On the other hand, due to the pathogenic importance, H. influenzae has widely considered in epidemiologic studies on genetic similarities [19]. Given the dendrogram of the studies strains (Fig. 2), it is observed that a number of strains categorized in one clone (e.g. clone A and B). As the studied population was children under 6 years old from different centers, it is concluded that these strains circulated among children. The strains of clone A, isolated from five different children, are identical in terms of resistance to antibiotics except chloramphenicol. As the same the strains of clone B have identical resistance, except for chloramphenicol which is different in one strain. Regardless of intermediate resistance, the strains of clones D, E, F, G, and H have the same resistance pattern. The strains of clones I and J are partially different in their resistance. Detailed data was specified in Fig. 2 and Additional files 3, 4.

The resistance pattern of one strain in clone B is identical to other strains of that clone except chloramphenicol. In terms of clone C, the strain (strain No. 89) that closely related to other strains, is different from them in resistance pattern. This may be because of the difference in the genetic algorithm. In the strains forming clone A and B, susceptibility to ceftriaxone, levofloxacin, ciprofloxacin and cefotaxime was observed. This showed that these antibiotics have a good therapeutic effect on these strains.
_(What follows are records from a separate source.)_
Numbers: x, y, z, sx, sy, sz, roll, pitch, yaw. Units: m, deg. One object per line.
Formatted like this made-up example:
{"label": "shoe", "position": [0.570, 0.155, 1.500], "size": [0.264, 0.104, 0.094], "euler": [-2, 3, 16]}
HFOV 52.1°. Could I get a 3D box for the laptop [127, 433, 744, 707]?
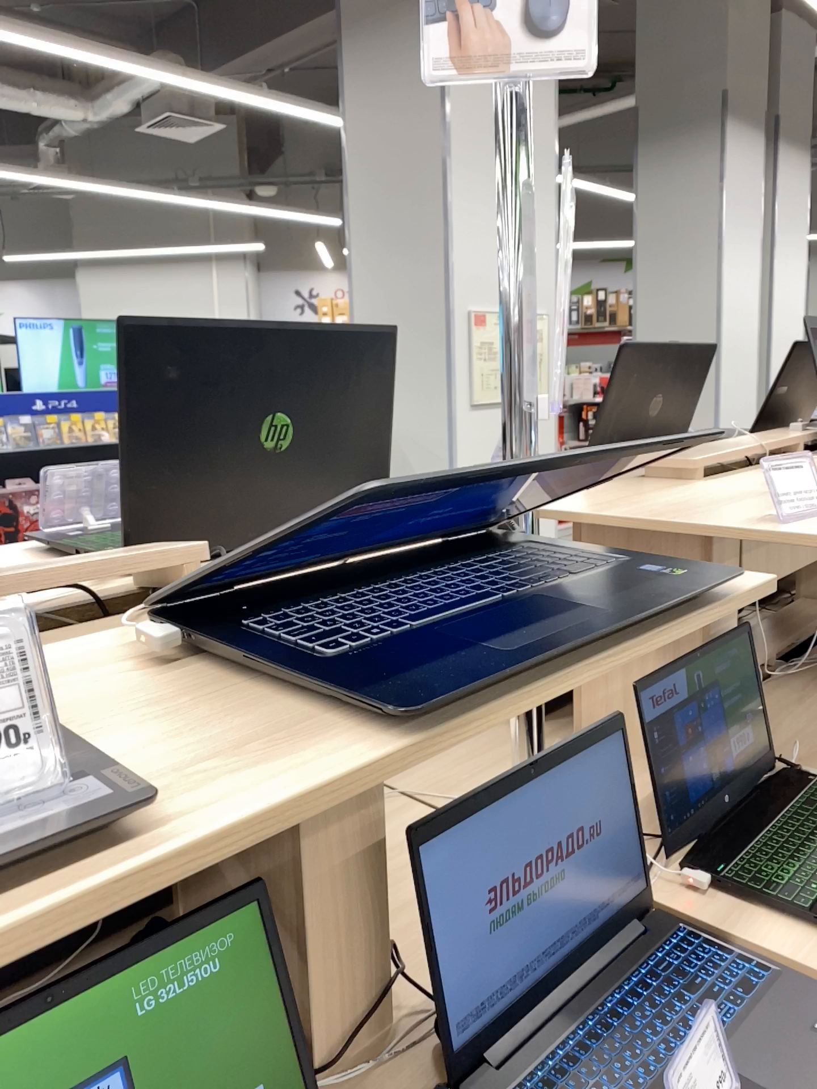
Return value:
{"label": "laptop", "position": [0.039, -0.016, 0.643], "size": [0.397, 0.103, 0.263], "euler": [-12, 16, -43]}
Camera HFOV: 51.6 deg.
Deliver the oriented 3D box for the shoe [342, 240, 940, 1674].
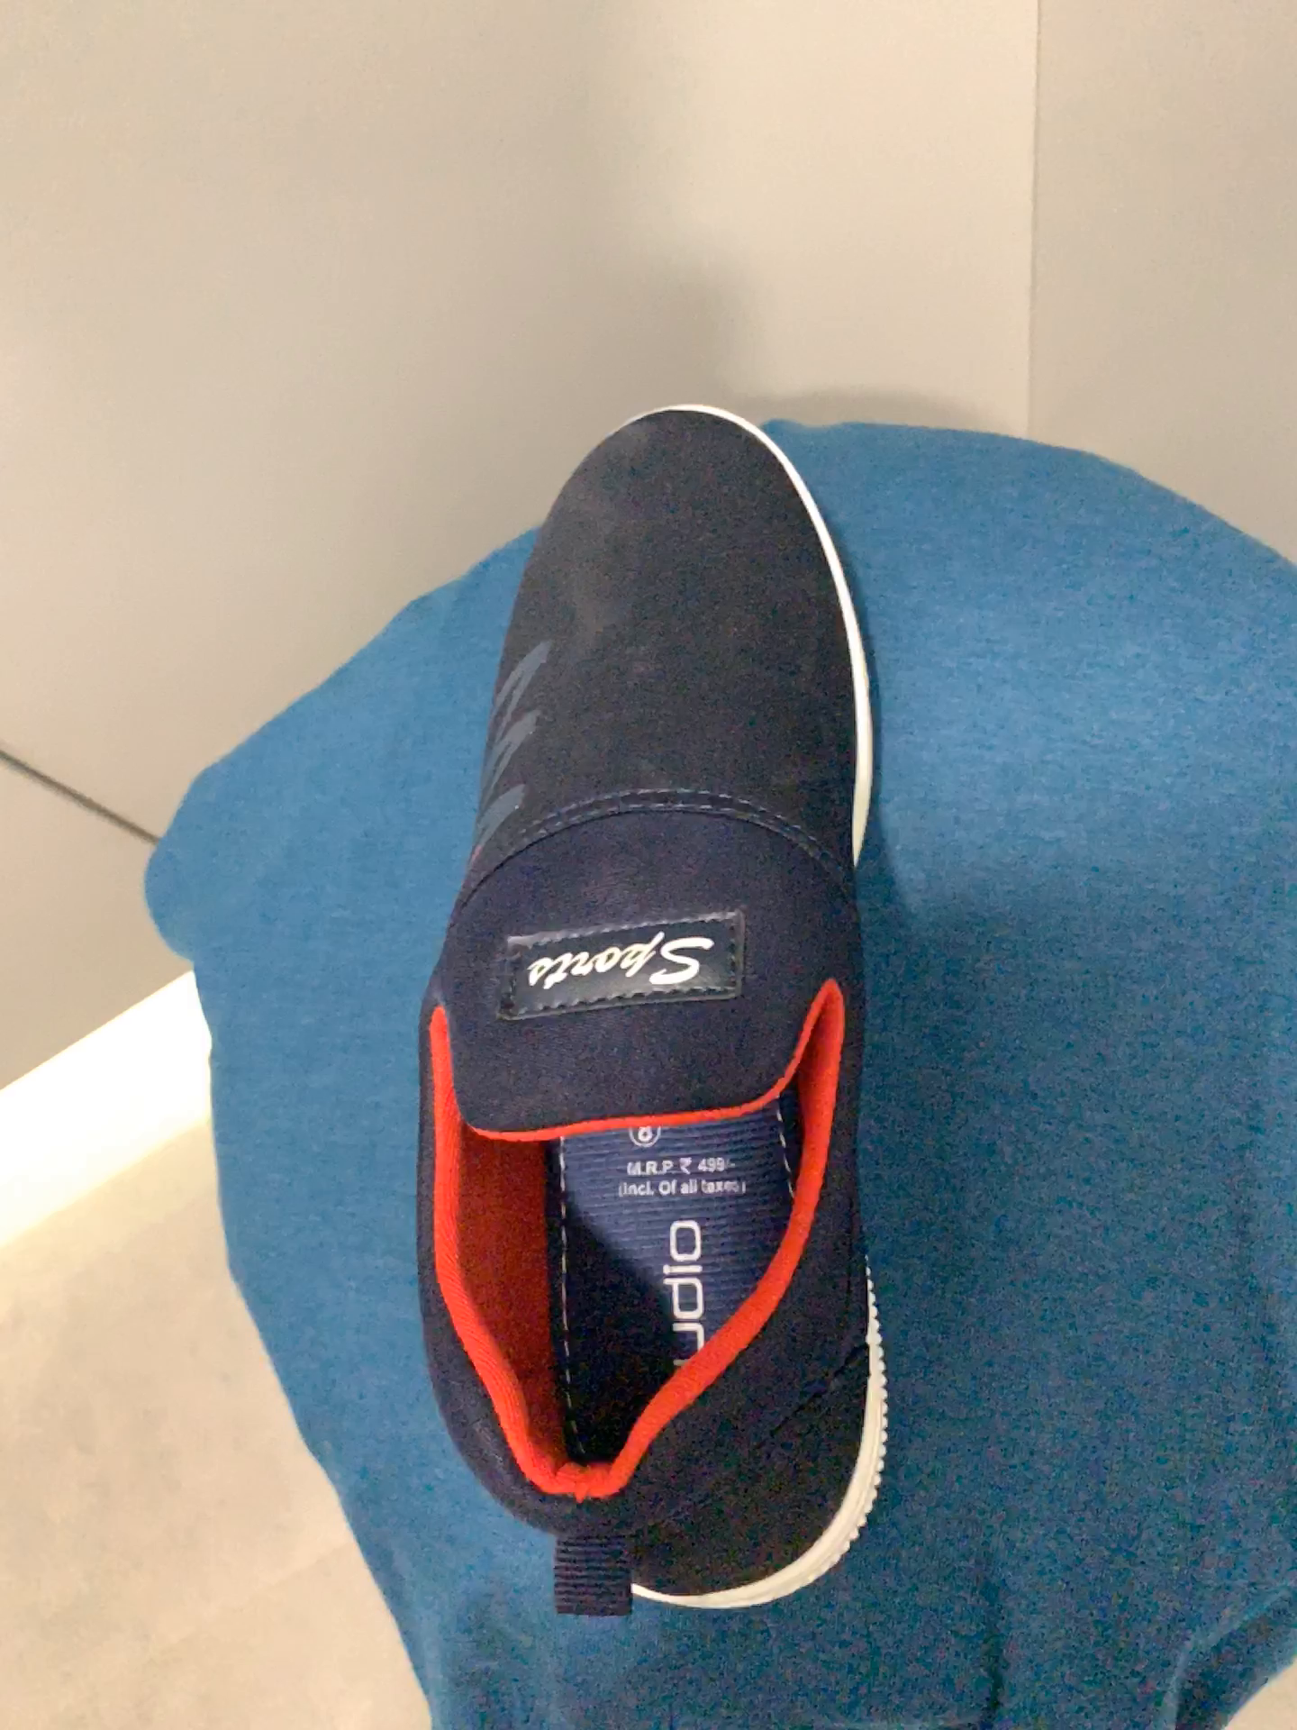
[{"bbox_3d":[0.002,0.014,0.292,0.090,0.100,0.260,-6,71,13],"label":"shoe"}]

As the studied strains showed a less percentage of resistance to these antibiotics, these drugs can be a good choice for Haemophilus-related infections. Considering chloramphenicol and ampicillin resistant samples, the strains resistant to ampicillin are more identical in terms of genetic similarities and showed more clones comparing with strains resistant to chloramphenicol. This may mean that strains resistant to ampicillin are more resistant to common treatment than strains resistant to chloramphenicol (Fig. 2).

Limitations

In fact, the patterns of antibiotic resistance did not show a significant correlation with the clonality of the strains. At the current study typing of encapsulated H. influenza was not accomplished. It seems that more research is needed to determination of H. influenza type strains and find the relationship between clonality and resistance of bacteria to antibiotics.